About 50 years ago a finely wrought version of the same instrument was designed by the American physicist A. A. Michelson. In 1926 it indicated a speed of 299,769 kilometers, which is close to the currently accepted value of 299,792.5 kilometers (186,282 miles) per second. Experiments of this kind have fascinated Sam Epstein (3929 Soud1 Orange Drive, Los Angeles, Calif. 90008). Last year Epstein, who is a chemist, built a homemade version of Michelson's instrument, primarily to learn how closely he could approach Michelson's result. Epstein describes his experiment.


Path followed by light beam

"I did not aspire to duplicate Michelson's experiment, which was performed over a distance of 22 miles, since I had available a working distance of only about 2,000 feet.

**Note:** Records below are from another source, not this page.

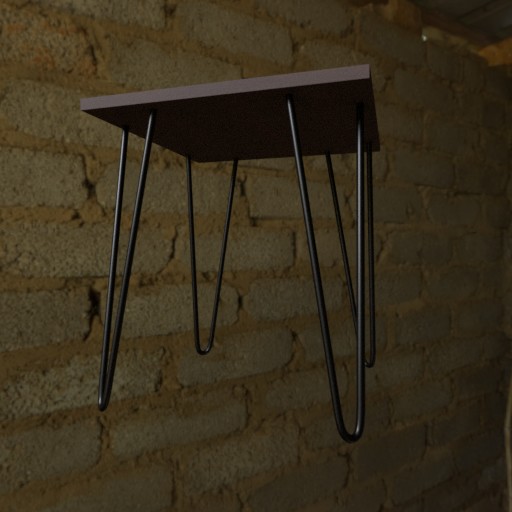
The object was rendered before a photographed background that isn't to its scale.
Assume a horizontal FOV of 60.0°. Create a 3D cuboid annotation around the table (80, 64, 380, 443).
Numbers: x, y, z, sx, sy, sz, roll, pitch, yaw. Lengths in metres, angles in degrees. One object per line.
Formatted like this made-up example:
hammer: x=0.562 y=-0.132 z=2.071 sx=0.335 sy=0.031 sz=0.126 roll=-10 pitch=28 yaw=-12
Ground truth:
table: x=0.000 y=0.000 z=0.948 sx=0.495 sy=0.559 sz=0.495 roll=0 pitch=1 yaw=17
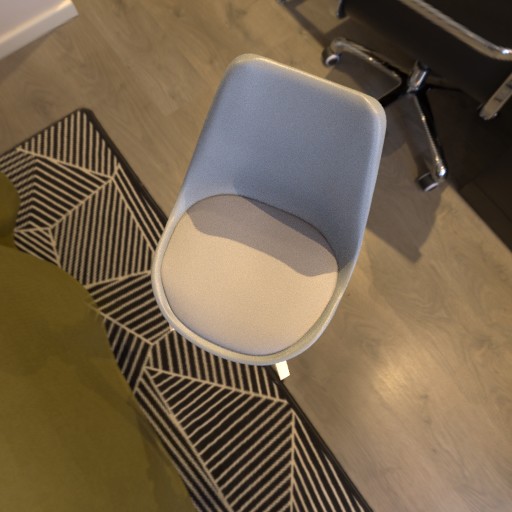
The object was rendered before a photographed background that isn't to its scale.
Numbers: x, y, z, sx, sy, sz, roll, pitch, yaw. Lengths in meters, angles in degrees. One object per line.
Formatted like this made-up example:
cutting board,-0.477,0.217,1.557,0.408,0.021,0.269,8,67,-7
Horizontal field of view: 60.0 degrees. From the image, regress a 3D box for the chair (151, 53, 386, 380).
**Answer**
chair,0.000,0.000,1.169,0.485,0.850,0.550,23,77,6
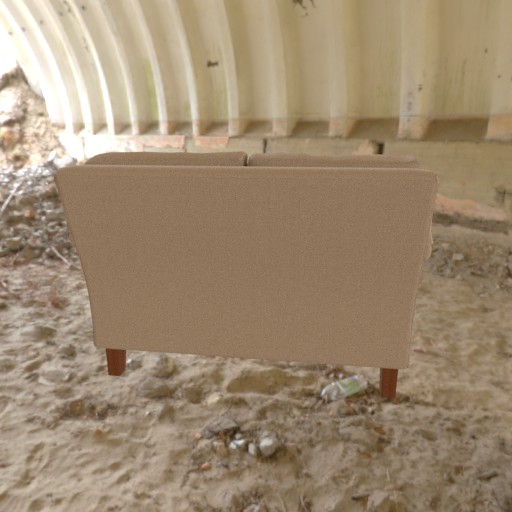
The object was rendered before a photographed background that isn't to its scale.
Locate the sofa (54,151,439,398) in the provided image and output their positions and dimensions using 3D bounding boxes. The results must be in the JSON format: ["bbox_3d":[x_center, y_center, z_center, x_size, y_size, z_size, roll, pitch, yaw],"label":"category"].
[{"bbox_3d":[0.000,0.000,2.240,1.508,1.048,1.087,2,16,8],"label":"sofa"}]
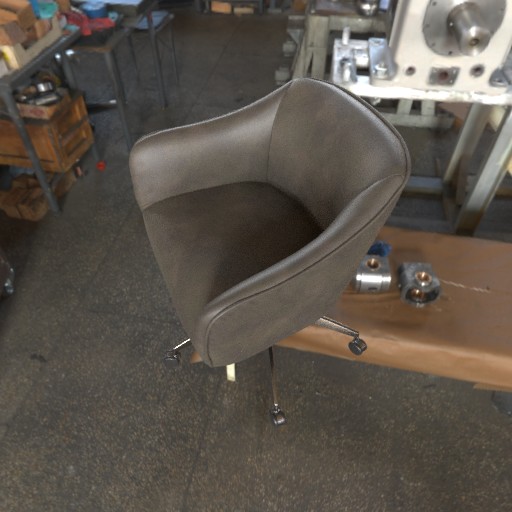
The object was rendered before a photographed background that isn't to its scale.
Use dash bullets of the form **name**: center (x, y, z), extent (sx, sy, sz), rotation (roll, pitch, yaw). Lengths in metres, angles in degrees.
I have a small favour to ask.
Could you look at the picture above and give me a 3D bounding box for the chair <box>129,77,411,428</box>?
- **chair**: center (0.000, 0.000, 1.326), extent (0.689, 0.827, 0.713), rotation (-18, 49, -16)
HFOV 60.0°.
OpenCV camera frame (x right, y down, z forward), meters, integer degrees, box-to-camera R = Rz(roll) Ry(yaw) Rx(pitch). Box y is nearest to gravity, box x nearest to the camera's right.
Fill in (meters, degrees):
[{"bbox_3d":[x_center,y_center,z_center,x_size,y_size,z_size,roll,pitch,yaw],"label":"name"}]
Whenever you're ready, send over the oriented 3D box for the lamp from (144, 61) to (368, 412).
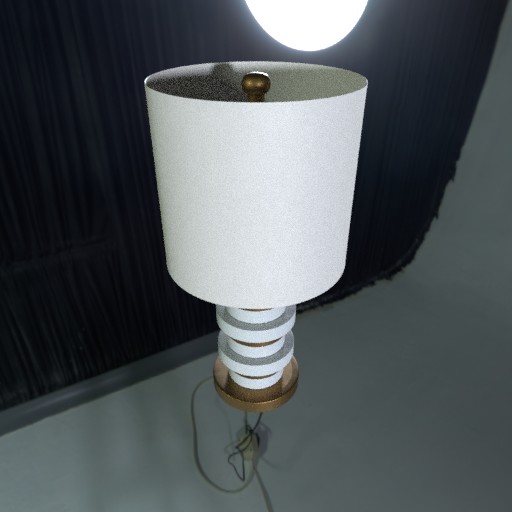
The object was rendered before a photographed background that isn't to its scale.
[{"bbox_3d":[0.000,0.000,0.529,0.210,0.410,0.210,-20,37,-29],"label":"lamp"}]

The experiment can be done over still shorter distances, however, by folding the light beam with additional fixed mirrors to make a total path of some 2,000 feet. The result is achieved at the expense of slit-image intensity, which decreases as the number of reflections increases. Alternatively, even shorter working distances can be accommodated by rotating the mirror at speeds proportionately higher than the 7,200 revolutions per minute of my apparatus. The total length of the triangular path between the two reflecting surfaces of my rotating mirror (via the fixed mirrors) was 1.131 kilometers (3,711 feet). The distance from the slit image, which appears on a translucent screen, to the rotating mirror was 18.57 meters (60.93 feet). I refer to the path as the radius arm.

"This combination of working distance, mirror speed and radius arm resulted in an observed displacement of the slit image of more than 10 centimeters with respect to the position of the image when the rotating mirror was at rest. I measured the displacement of the image to within .01 centimeter. I was therefore able to determine the speed of light to within .1 percent of the accepted value.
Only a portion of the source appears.